То есть не то, чтобы не простил, — тут и слово правильное не подберешь… Надо было бы сказать: не простил себе. Ибо любовь его в своей щедрой силе, нахлынув на Золотинку, возвращалась волной обратно — всем своим теплом и страстью, так что Юлий терялся в водоворотах чувства и уж конечно не мог различать — ужасно путался! — где граница, что разделяет самостоятельное бытие влюбленных, Юлия и Золотинки. Падение Золотинки он чувствовал как собственное унижение… то есть он чувствовал это предательство так, как если бы совершил его сам.
А это и было как раз самое тяжкое, потому что Юлий был из тех людей, которые трудно прощают самим себе. Все несчастья и разочарования, постигшие его со дня битвы под Медней, а, может, еще и раньше, с той неопределенной поры, когда он начал догадываться, что не все понимает в любимой… все жизненные несчастья и разочарования лишь усиливали в нем это нездоровое самоедство. И к тому же, как бы там ни было, после безумства в Камарицком лесу Юлий утратил последнюю возможность смотреть на Золотинкино преступление со стороны; теми счастливым днями он разделил с ней преступление целиком и навсегда.
И от этого уже не было спасения. С этим уж нельзя было больше подняться, ни подняться нельзя было, ни возвратить себе ту малую толику самоуважения, без который невозможно испытывать радость жизни.
Бежавши из лесу без всяких объяснений с Обрютой, он совершил еще один непростительный проступок — порвал с другом.
Значит, ничего не оставалось, как умереть для прошлого, скользнувши еще на одну ступеньку вниз — туда, где уж не было никаких ступеней (или казалось при взгляде сверху, что ступеней нет). Юлий смешался с толпой безродных бродяг и скоро уже — с прискорбной легкостью! — ощутил себя совершенно на месте. Словно свинья в грязи. Именно такой художественный образ представлялся Юлию, когда, утомленный душою, он испытывал тоску по недоступным ныне радостям книг и высокого искусства.

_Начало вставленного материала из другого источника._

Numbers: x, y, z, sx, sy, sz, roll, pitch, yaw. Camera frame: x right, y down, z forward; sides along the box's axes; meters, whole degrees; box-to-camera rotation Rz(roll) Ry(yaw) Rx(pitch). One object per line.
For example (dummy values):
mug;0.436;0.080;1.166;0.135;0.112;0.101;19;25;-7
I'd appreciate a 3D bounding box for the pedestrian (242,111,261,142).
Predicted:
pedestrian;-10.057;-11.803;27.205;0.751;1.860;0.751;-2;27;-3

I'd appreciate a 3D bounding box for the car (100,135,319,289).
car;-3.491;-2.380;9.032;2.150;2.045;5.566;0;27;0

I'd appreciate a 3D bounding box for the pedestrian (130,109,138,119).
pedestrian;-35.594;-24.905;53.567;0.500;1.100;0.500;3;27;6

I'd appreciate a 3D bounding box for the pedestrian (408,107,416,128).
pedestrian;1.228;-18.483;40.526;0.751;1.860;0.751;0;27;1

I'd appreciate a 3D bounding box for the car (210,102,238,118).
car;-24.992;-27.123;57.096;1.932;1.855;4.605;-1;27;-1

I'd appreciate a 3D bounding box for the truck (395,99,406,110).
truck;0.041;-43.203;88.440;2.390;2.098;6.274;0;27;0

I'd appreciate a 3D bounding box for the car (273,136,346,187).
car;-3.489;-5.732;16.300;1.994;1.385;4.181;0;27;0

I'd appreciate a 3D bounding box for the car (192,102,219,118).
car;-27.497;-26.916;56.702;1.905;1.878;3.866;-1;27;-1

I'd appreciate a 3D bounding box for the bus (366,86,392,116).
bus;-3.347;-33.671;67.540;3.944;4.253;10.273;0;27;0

Конечно, понимая под свиньей себя, Юлий не разумел под грязью своих несчастных товарищей по скитаниям — ныне он ставил себя не выше последнего попрошайки, под грязью Юлий понимал нечто иное. То самое, безличное и непостижимое, что определяло род человеческих отношений на дне жизни — грубость чувств и обнаженность подлости. Потому что подлость на дне была криклива и открыта для всеобщего обозрения, а лучшее, что составляло достоинство человека, таилось от взоров. Трудно было не замараться подлостью, когда приходилось делить с миродерами их труды и нравы. И нужно было обладать душевной зоркостью Юлия, чтобы различать в огрубелых людях лучшее. Он различал, видел и остро, до слез чувствовал, почему и заслужил у товарищей в дополнение к кличке Глухой прозвание Чокнутый.

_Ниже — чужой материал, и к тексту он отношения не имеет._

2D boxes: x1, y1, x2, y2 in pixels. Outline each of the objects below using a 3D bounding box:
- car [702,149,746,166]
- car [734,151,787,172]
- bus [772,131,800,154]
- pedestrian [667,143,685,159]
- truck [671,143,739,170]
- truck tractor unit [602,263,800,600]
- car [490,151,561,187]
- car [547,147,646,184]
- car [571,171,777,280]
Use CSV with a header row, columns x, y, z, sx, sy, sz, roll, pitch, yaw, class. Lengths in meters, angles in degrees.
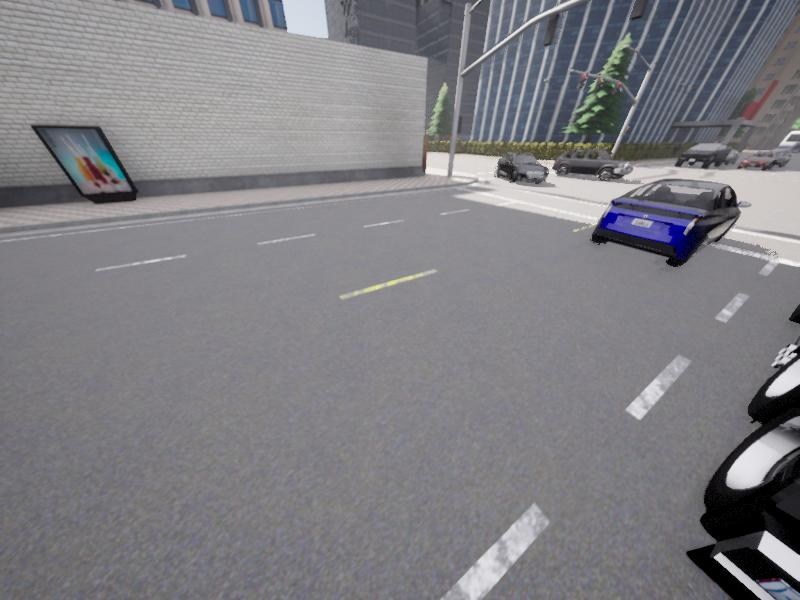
x,y,z,sx,sy,sz,roll,pitch,yaw,class
38.322,-16.895,27.304,4.674,1.442,1.812,-18,39,-24,car
34.814,-13.457,22.315,4.193,1.474,1.816,-18,39,-24,car
91.628,-34.197,50.224,3.944,4.253,10.273,-18,39,-24,bus
39.075,-21.151,32.743,0.751,1.860,0.751,-18,39,-24,pedestrian
31.511,-14.949,23.881,6.274,2.098,2.390,-18,39,-24,truck
5.106,-0.306,0.783,6.516,4.208,3.053,-18,39,-24,truck tractor unit
7.971,-8.834,15.375,2.033,1.649,4.856,2,34,0,car
13.583,-9.671,16.393,1.932,1.855,4.605,-18,39,-24,car
6.905,-2.191,5.863,4.514,1.525,2.007,-20,40,-26,car

Впрочем, имелась для этого прозвища еще и другая, не менее основательная причина: в крайнем волнении, забываясь, Юлий не раз прибегал к тарабарским выражениям, ни в ком не находя понимания. Что и не диво: оборванный, грязный босяк был единственным в мире человеком, который мыслил на высоком тарабарском языке, языке науки, тонких чувств, языке мужества и нежности, преданности и самоотверженности. Беда Юлия была в том, что он не знал никакого другого.
Не разумея своих случайных товарищей, он двигался с толпами миродеров куда придется, терял попутчиков и странствовал в одиночку, не имея возможности ни расспросить дорогу, ни изъяснить конечную цель своих скитаний. Он много видел и многое понимал без слов и все ж таки не очень ясно представлял себе, что происходит в стране и к чему клонится дело. Кстати сказать, Юлий не подозревал о распространении блуждающих дворцов. В свое время, при первых известиях об этом чуде Поплева с Обрютой пытались втолковать юноше понятие, но кинули затею, как бесполезную и даже вводящую в заблуждение, ибо убедились, что чем доходчивее рисуют, чертят и размахивают руками, тем большую путаницу вселяют в обеспокоенный ум Юлия. Трудно объяснить жестами то, чему и словами-то нет названия.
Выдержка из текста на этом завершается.